I have A LOT of parts and I figured what better time than now to make an inventory of all my components so I can keep track of em and make re-ordering easier.
Do any of you use a Google Sheets template or have a link to an ideal free spreadsheet template that I can use to start entering in my inventory? How do you all keep track of what you have on hand?
I have 4 of these.


----------



## Mo1978 (Jul 24, 2019)

I use https://www.partkeepr.org/, it is an open source inventory management system. I installed it on my webserver and could not live without it anymore. Items are synced from an online database, you can manage projects and see if you can build them and remove all used parts for that project from your stock and so on.


----------



## Jovi Bon Kenobi (Jul 25, 2019)

Mo1978 said:


> I use https://www.partkeepr.org/, it is an open source inventory management system. I installed it on my webserver and could not live without it anymore. Items are synced from an online database, you can manage projects and see if you can build them and remove all used parts for that project from your stock and so on.


Awesome! That sounds promising. I spent the last few days entering my inventory into a super generic google sheets doc but I really don't know how to do any of the fancy stuff that make spreadsheets handier, like pars, links, mathy bits, or other wizardry.


----------



## bowanderror (Jul 25, 2019)

Not necessarily what you're looking for, but I use this sheet of common components when I'm ordering parts for multiple projects all at the same time.
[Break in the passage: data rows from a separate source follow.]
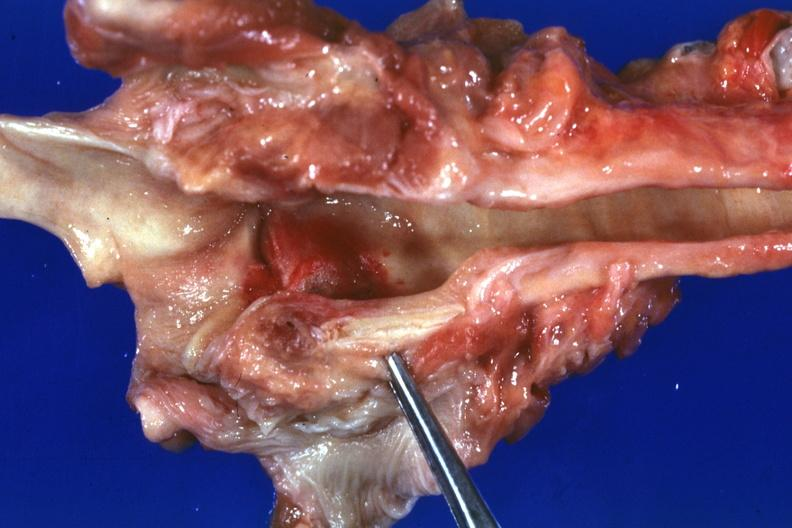what is present?
Answer the question using a single word or phrase. Larynx 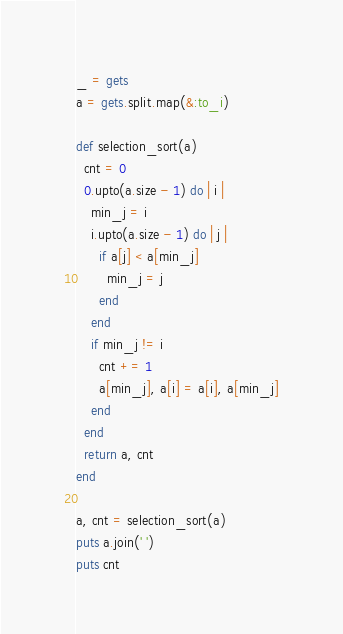<code> <loc_0><loc_0><loc_500><loc_500><_Ruby_>_ = gets
a = gets.split.map(&:to_i)

def selection_sort(a)
  cnt = 0
  0.upto(a.size - 1) do | i |
    min_j = i
    i.upto(a.size - 1) do | j |
      if a[j] < a[min_j]
        min_j = j
      end
    end
    if min_j != i
      cnt += 1
      a[min_j], a[i] = a[i], a[min_j]
    end
  end
  return a, cnt
end

a, cnt = selection_sort(a)
puts a.join(' ')
puts cnt

</code> 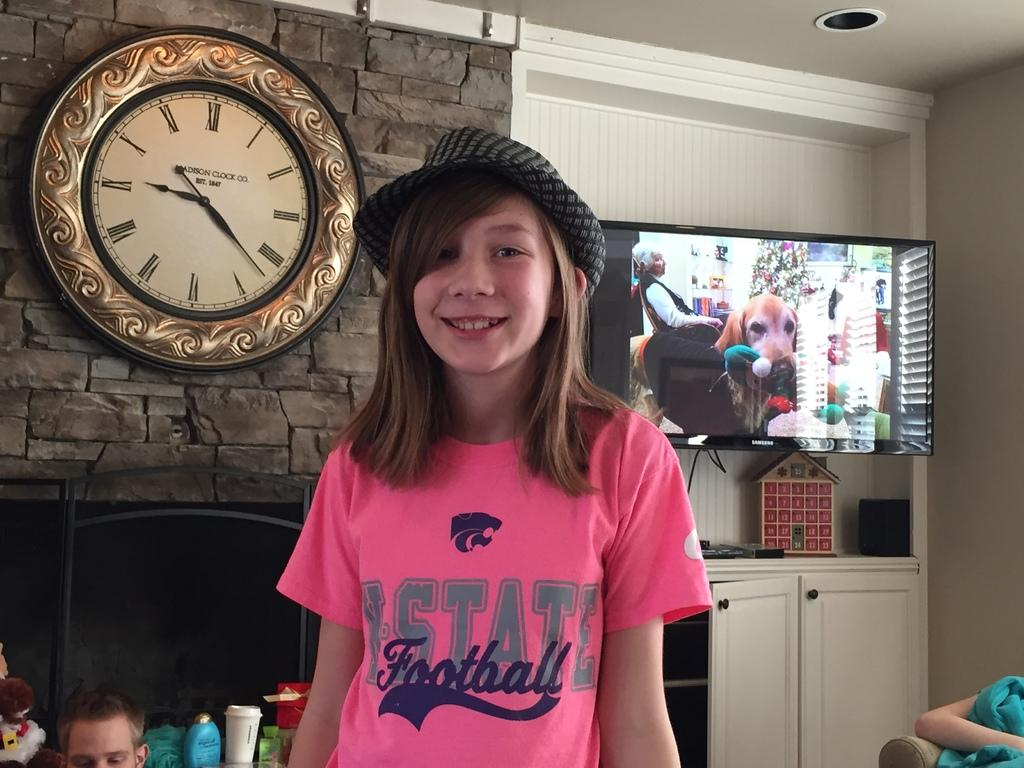<image>
Relay a brief, clear account of the picture shown. A girl wears a pink shirt that proclaims she is a football fan.

It also works for stocking common components when you're going to be breadboarding or modding stuff and you're not sure exactly what all you'll need.

I can't remember who I got it from, but whomever posted this on DIYS/FSB, thanks a million!








						pedal parts
					

general  res,ceramic cap,film cap,elec cap,pot,IC,transistors,switch,enclosure 10R,4p7,1n,1uF,linear,LM308,BC108,NPN Si,foot 3P3T,1590B 33R,10p,2n2,2u2,1K B,LM358,BC109c,NPN Si,foot DPDT,1590BB 47R,22p,3n3,3u3,2KB,LM741,BC184,foot momentary,125B 100R,30p,4n7,4u7,5K B,LM386,BC309,SPDT on/on 220R,4...




					docs.google.com


----------



## Jovi Bon Kenobi (Jul 25, 2019)

Thanks! Everything there is in my list. When I get my Google sheets list in order I'll post a copy up if anyone wants to use it. Ideally I'd like to have it have a counter so when I click on it it adds to an "order more" column, but I don't know how to do this yet. If anyone does, please share. Also having prices, links, part numbers, etc...


----------